++++ Data to use

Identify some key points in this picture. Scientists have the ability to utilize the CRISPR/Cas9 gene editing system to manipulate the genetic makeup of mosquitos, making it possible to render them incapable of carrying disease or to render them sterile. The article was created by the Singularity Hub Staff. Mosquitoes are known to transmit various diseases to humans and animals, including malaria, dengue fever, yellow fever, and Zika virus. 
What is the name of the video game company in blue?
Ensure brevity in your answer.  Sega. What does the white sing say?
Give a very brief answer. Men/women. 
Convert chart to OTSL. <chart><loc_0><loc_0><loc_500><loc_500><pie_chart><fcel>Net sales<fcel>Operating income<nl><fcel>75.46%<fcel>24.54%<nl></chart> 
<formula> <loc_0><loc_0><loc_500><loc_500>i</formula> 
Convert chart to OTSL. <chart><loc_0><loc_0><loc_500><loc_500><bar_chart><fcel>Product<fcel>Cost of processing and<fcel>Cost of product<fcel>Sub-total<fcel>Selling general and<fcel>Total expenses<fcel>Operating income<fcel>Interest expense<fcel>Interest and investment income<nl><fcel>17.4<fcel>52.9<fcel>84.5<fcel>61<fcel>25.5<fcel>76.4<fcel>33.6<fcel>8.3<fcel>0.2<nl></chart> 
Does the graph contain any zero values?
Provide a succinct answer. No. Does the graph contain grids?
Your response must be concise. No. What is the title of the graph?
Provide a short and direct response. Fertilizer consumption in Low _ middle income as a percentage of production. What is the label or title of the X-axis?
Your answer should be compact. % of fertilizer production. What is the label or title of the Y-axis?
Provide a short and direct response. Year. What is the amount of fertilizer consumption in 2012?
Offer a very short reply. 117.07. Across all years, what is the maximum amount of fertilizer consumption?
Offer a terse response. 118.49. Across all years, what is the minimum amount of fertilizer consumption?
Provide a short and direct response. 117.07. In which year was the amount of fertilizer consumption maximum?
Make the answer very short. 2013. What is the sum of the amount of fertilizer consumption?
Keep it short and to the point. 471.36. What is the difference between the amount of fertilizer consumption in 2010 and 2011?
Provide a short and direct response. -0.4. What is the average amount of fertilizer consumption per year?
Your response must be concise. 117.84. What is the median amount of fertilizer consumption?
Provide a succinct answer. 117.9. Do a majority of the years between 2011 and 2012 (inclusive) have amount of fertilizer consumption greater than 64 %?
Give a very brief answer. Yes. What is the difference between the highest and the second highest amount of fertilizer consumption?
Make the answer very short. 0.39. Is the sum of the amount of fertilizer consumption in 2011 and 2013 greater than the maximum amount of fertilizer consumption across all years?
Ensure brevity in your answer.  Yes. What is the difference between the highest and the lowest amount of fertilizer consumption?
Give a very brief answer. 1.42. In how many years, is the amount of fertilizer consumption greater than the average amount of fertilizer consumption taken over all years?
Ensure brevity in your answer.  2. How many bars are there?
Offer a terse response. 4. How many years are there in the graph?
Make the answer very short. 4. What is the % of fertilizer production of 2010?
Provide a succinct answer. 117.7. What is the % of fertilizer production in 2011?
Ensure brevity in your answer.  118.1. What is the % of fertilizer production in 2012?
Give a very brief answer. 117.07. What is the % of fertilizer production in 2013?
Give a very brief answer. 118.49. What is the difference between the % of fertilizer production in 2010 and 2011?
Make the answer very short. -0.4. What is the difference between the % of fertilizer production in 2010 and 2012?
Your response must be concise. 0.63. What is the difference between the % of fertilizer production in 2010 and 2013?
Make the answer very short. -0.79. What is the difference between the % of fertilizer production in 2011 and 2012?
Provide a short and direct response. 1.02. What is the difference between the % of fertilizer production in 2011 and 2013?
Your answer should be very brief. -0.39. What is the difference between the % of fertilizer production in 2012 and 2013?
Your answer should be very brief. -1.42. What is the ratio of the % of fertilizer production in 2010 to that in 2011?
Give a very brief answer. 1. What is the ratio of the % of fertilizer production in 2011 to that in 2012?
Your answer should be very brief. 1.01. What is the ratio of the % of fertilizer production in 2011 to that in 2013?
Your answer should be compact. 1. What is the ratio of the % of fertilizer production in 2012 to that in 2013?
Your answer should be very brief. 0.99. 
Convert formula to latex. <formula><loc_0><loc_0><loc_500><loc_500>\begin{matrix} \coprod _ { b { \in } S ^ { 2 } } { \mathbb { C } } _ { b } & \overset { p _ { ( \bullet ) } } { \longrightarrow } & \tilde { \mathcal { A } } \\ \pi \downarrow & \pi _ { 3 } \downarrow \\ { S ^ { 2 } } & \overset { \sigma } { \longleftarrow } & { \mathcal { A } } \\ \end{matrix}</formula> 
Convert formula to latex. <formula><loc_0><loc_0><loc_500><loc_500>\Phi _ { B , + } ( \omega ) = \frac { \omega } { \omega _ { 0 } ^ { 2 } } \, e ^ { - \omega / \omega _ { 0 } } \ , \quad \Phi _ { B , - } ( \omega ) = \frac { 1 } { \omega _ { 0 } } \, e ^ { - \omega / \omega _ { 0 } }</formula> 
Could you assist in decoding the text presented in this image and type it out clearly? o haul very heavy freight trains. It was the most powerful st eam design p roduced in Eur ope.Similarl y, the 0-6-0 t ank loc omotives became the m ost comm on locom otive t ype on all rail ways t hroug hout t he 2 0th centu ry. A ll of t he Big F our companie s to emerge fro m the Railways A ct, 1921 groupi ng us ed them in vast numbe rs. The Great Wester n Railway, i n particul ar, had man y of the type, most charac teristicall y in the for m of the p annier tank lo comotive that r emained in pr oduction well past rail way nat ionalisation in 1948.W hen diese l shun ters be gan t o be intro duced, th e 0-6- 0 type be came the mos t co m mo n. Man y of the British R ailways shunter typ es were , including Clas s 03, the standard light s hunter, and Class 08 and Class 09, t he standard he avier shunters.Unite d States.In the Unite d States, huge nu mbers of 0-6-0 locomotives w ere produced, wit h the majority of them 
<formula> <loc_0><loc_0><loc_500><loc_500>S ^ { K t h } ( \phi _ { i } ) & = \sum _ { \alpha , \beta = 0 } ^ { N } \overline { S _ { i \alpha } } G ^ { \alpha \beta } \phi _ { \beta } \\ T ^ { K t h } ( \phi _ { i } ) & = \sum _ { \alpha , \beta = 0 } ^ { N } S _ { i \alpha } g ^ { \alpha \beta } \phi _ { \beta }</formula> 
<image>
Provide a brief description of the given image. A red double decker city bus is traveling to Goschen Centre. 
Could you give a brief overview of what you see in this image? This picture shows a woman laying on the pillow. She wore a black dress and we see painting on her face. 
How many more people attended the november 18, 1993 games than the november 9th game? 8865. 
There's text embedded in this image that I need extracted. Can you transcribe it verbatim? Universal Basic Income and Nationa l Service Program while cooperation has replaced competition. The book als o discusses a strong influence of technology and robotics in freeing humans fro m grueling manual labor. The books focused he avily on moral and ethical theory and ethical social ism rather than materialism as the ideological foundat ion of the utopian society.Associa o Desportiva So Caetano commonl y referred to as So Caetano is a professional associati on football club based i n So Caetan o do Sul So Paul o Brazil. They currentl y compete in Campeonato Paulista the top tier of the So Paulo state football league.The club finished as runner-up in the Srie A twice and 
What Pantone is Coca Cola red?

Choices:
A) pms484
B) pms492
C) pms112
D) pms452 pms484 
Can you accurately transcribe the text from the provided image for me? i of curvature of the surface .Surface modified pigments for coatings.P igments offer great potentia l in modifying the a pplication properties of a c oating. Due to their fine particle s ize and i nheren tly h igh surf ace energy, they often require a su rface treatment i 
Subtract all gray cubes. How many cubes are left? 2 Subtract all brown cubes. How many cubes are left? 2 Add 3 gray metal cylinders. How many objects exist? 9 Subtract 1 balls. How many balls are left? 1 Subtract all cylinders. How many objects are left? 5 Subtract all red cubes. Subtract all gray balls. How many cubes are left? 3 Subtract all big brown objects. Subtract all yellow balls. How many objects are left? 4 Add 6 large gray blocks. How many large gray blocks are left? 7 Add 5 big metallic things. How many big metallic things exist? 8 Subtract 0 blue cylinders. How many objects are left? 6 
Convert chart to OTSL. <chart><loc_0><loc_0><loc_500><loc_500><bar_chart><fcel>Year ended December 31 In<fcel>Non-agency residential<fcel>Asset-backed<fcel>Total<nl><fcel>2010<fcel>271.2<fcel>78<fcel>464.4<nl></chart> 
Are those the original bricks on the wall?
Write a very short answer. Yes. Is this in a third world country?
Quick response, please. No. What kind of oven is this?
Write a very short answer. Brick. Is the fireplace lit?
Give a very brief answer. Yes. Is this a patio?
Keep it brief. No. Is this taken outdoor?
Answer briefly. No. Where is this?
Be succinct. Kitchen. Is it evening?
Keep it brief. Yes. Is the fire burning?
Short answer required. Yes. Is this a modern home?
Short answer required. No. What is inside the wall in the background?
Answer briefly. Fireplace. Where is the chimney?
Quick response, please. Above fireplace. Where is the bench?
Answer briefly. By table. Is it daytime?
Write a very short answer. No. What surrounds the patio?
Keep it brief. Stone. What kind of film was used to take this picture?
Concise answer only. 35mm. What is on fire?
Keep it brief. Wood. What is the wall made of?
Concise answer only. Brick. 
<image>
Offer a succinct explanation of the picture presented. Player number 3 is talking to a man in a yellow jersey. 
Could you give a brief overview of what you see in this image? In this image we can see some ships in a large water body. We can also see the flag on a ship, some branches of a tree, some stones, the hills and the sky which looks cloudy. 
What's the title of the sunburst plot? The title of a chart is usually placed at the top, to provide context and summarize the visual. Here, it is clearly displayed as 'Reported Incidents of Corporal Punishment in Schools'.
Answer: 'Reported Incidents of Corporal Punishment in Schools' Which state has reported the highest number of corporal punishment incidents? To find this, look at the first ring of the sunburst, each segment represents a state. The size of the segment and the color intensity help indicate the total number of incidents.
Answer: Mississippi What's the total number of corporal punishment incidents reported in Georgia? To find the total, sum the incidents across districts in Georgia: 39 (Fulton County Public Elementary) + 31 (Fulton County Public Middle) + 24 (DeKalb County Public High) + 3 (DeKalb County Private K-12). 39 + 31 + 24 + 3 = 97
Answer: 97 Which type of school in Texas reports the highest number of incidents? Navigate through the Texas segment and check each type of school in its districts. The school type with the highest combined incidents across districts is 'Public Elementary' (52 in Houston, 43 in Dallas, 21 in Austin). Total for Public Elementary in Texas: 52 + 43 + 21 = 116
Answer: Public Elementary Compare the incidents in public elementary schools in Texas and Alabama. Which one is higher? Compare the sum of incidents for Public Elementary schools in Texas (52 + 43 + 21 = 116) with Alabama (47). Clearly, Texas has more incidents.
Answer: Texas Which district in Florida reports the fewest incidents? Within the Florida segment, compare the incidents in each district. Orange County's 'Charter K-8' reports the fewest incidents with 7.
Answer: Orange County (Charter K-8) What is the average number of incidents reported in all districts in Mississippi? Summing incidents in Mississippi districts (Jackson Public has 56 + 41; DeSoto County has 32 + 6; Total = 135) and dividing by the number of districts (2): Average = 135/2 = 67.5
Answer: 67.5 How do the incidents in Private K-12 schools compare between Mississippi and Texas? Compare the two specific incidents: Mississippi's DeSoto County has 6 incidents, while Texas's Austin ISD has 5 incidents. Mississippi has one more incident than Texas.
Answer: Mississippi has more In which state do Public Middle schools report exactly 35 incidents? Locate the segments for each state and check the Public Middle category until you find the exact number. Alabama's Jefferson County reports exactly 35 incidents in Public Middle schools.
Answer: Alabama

++++++++

**Aim of the exercise**
Set down the lines of the records exactly, from the first one through the line containing "<formula> <loc_0><loc_0><loc_500><loc_500>i</formula>", and add nothing else.

**Task solution**
Identify some key points in this picture. Scientists have the ability to utilize the CRISPR/Cas9 gene editing system to manipulate the genetic makeup of mosquitos, making it possible to render them incapable of carrying disease or to render them sterile. The article was created by the Singularity Hub Staff. Mosquitoes are known to transmit various diseases to humans and animals, including malaria, dengue fever, yellow fever, and Zika virus. 
What is the name of the video game company in blue?
Ensure brevity in your answer.  Sega. What does the white sing say?
Give a very brief answer. Men/women. 
Convert chart to OTSL. <chart><loc_0><loc_0><loc_500><loc_500><pie_chart><fcel>Net sales<fcel>Operating income<nl><fcel>75.46%<fcel>24.54%<nl></chart> 
<formula> <loc_0><loc_0><loc_500><loc_500>i</formula> 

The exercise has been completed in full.